Suicide bombers attacked an open-air praying area in northeastern Nigeria on Friday, killing at least 13 people in Damaturu, police said.
Officials said the bombings were carried out by an elderly woman and a 10-year old girl. They said other underage girls might have been involved in the attack.
The militant group Boko Haram has increasingly used young women and girls as human bombs, raising fears that the group is forcing some of its hundreds of captives to carry out its attacks.
The explosions Friday struck an area where worshippers were observing Eid al-Fitr, the end of the holy month of Ramadan. At least 15 others were injured in the attack.
A bombing in Gombe city Thursday killed about 50 people. That attack took place in a market crowded with customers doing some last-minute shopping for the festival marking the end of a month of fasting.

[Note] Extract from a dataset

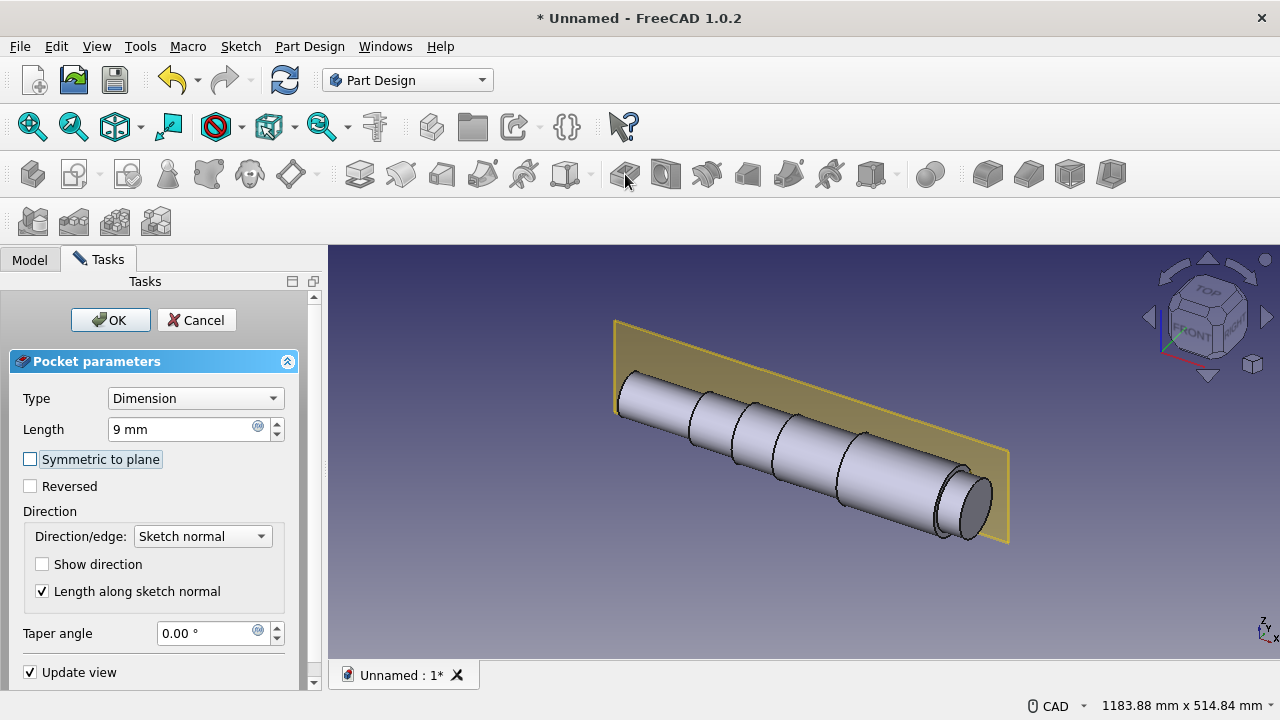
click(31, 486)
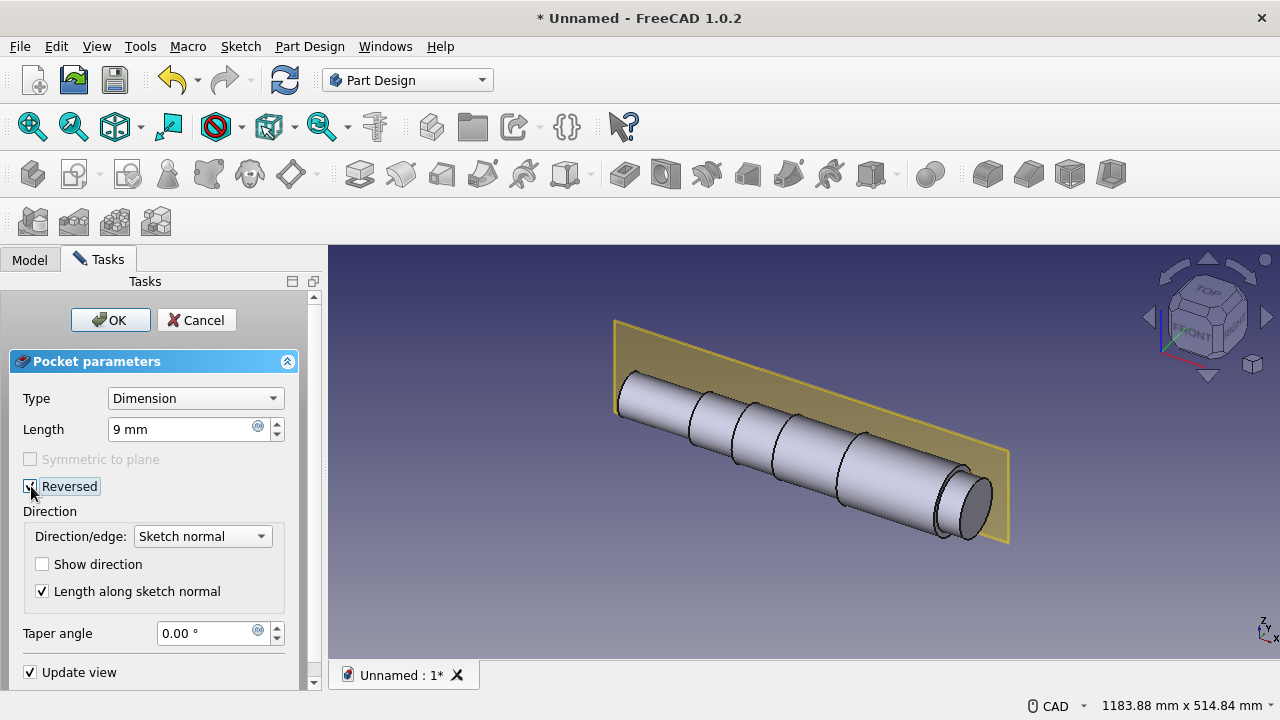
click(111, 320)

No one has claimed responsibility for the two attacks, but they resemble those carried out by Boko Haram, which has killed thousands in a six-year insurgency in the country's northeast.

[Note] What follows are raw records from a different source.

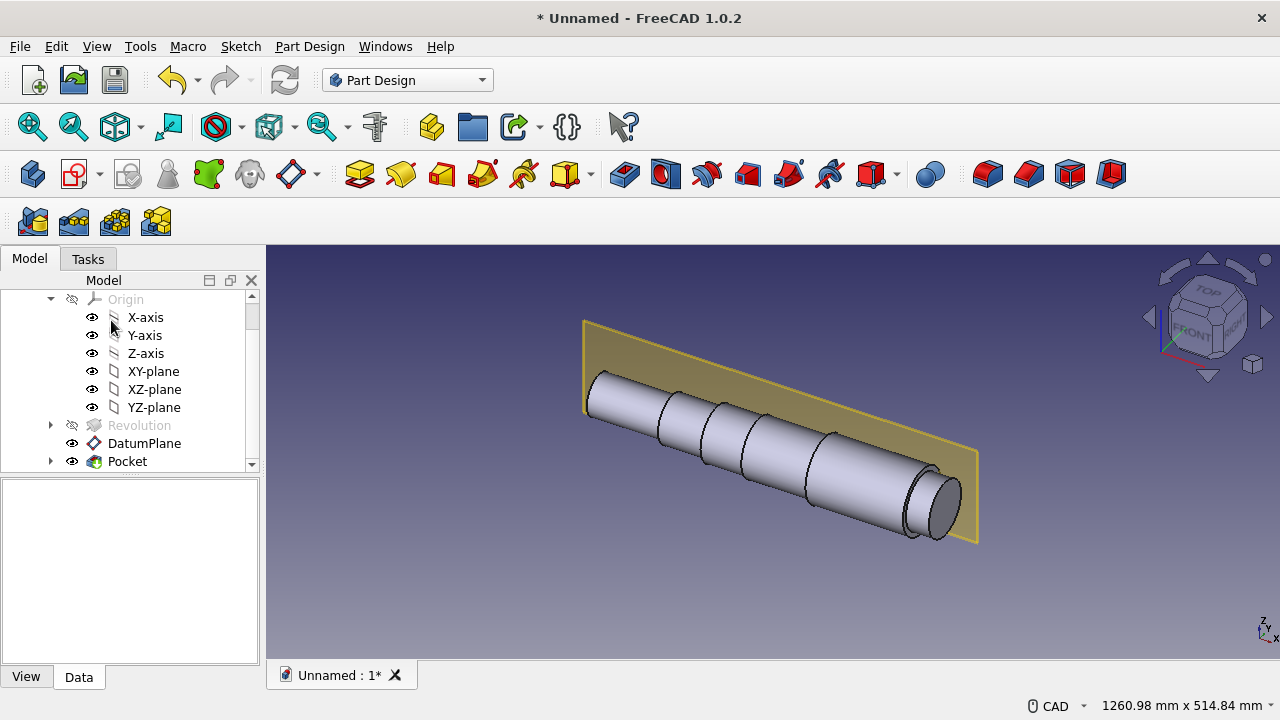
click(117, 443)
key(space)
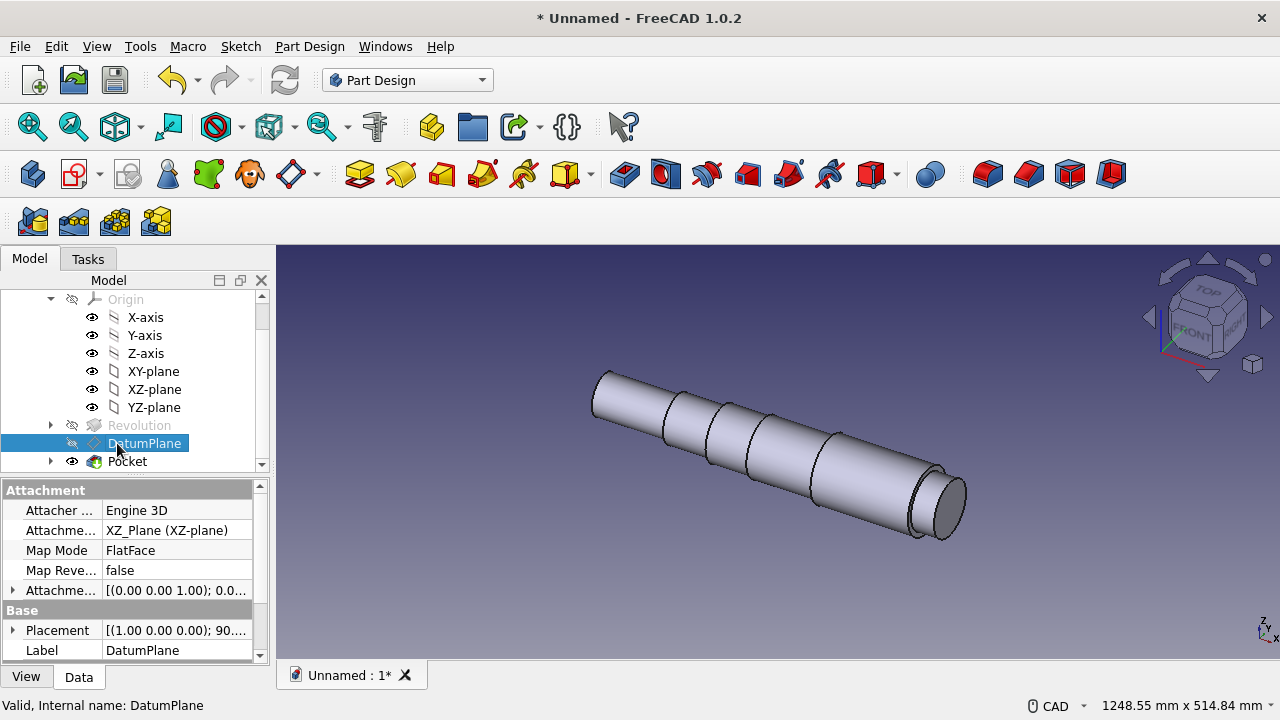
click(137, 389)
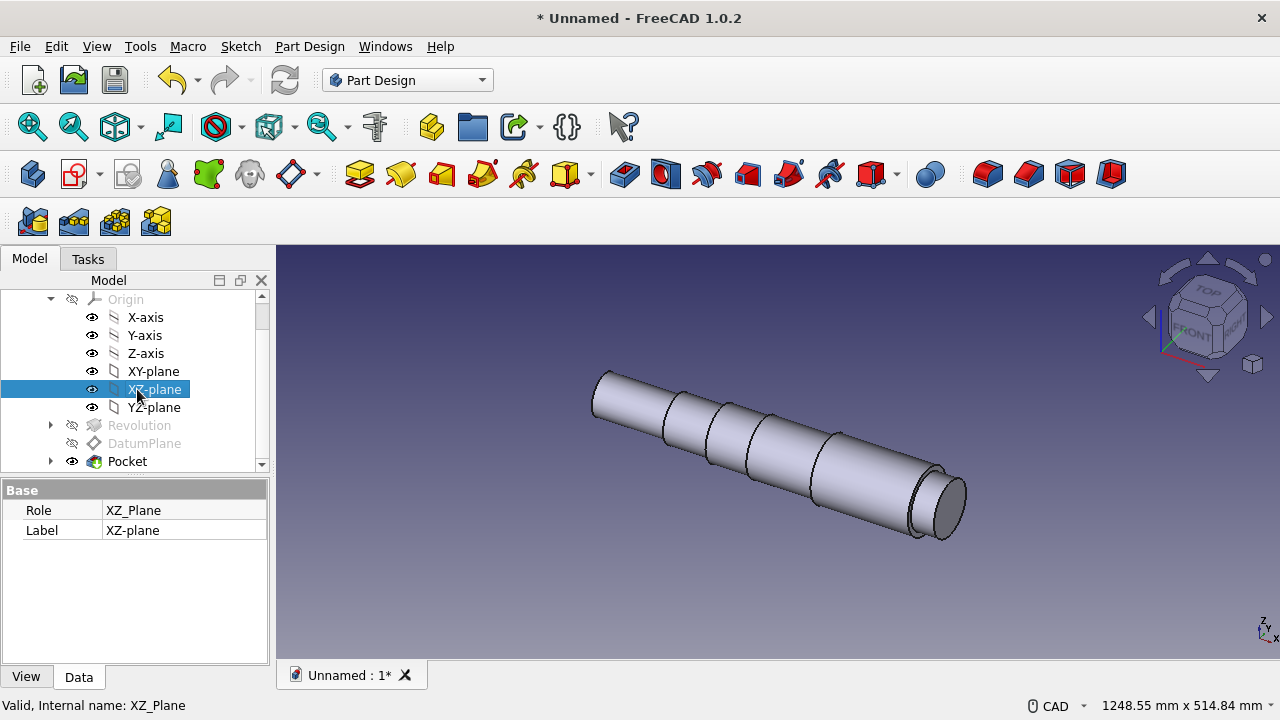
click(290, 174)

The United States strongly condemned the bombings Thursday and Friday and reiterated its commitment to help Nigeria and its neighbors counter Boko Haram.

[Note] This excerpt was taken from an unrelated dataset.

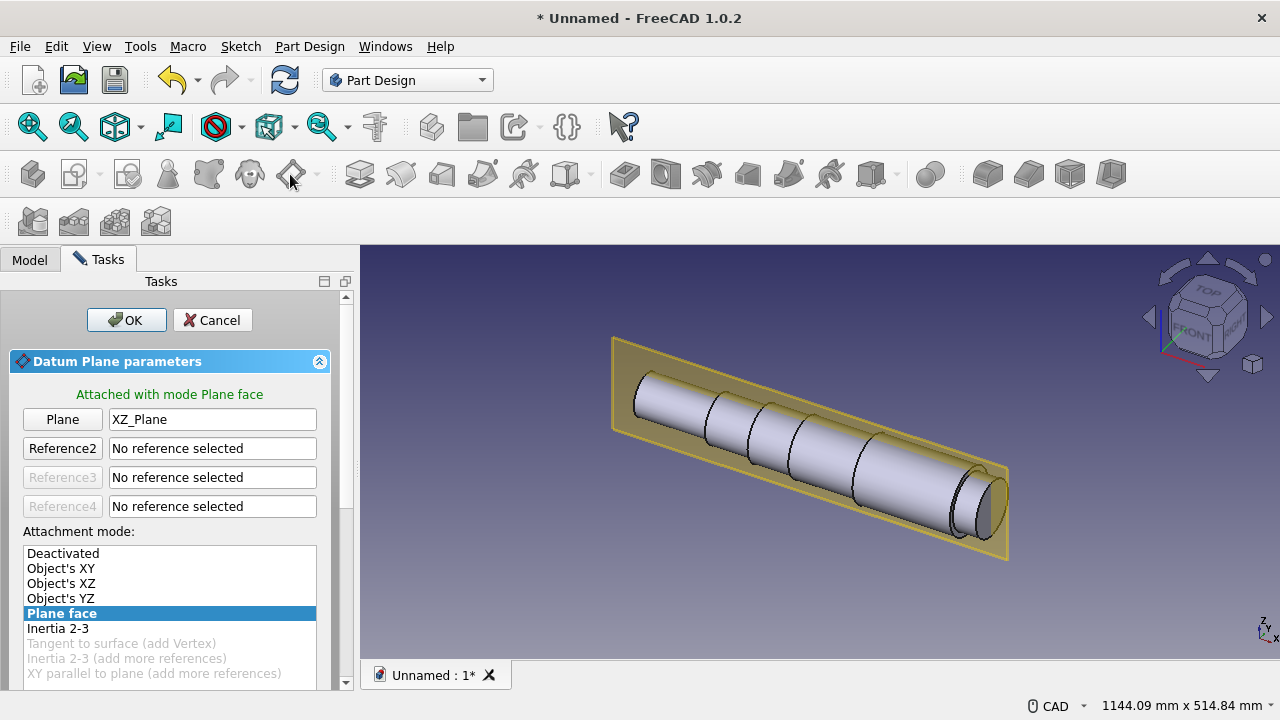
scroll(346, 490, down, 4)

There has been a spike in attacks by Boko Haram since a four-nation coalition of Nigeria, Niger, Chad and Cameroon pushed out the militants from captured territory earlier this year.
The violence intensified after Nigeria's new president, Muhammadu Buhari, took power a month and a half ago and vowed to crush the group, something his predecessor also had made a priority but failed to do.
Buhari travels to Washington on Monday for a meeting with President Barack Obama that is expected to focus on how the United States can help fight Boko Haram.
Earlier this week, Buhari replaced all of Nigeria's military chiefs in another step aimed at halting the insurgency. The new army chief and national security adviser come from Borno, a step welcomed by the state governor, Kashim Shettima. He said the new generals understand the terrain and can easily connect with communities to get local support.
"Nigeria now has the best of chances to overcome the challenges of insurgency facing it since 2009," the governor said.